Problem description » Of the entries below, restate word for word only the section that runs from the line with "- sneaker (541,166,639,380)" to the line with "- ballet flat (195,184,447,278)", counting both ends.

Source material »

════════

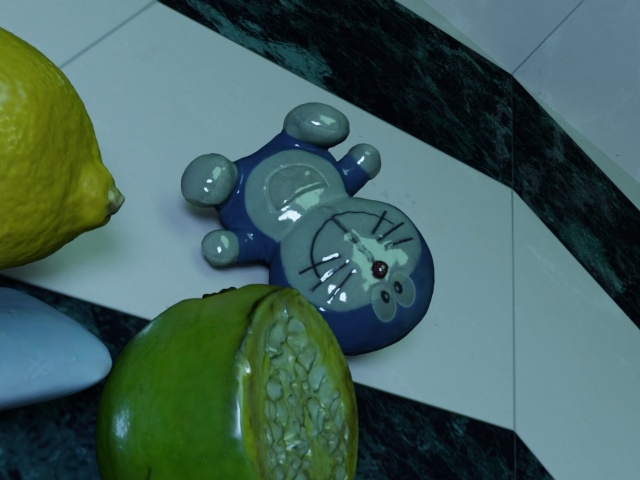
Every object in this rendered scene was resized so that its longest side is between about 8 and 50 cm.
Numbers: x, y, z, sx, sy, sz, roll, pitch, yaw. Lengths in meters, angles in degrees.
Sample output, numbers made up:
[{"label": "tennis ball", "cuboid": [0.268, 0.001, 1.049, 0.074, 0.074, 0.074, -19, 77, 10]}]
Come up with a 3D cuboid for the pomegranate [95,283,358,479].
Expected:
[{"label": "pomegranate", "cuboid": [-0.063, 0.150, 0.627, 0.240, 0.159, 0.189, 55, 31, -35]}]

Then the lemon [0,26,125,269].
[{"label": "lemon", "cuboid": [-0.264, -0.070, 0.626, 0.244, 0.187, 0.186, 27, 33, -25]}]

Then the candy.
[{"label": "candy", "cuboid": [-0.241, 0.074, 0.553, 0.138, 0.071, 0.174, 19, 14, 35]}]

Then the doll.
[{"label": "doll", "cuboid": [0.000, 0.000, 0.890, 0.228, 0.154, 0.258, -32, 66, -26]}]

════════

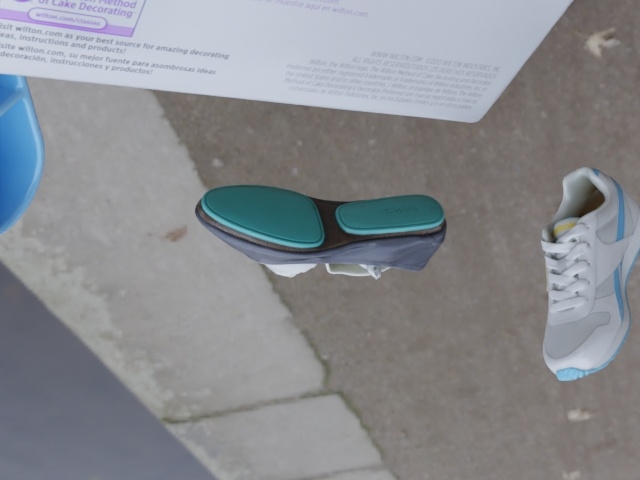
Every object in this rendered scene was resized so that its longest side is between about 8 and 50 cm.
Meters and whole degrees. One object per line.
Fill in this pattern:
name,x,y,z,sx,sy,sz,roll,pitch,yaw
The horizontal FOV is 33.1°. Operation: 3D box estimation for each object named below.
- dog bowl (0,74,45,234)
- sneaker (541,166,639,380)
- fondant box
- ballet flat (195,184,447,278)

════════

Result of this task »
- sneaker (541,166,639,380)
- fondant box
- ballet flat (195,184,447,278)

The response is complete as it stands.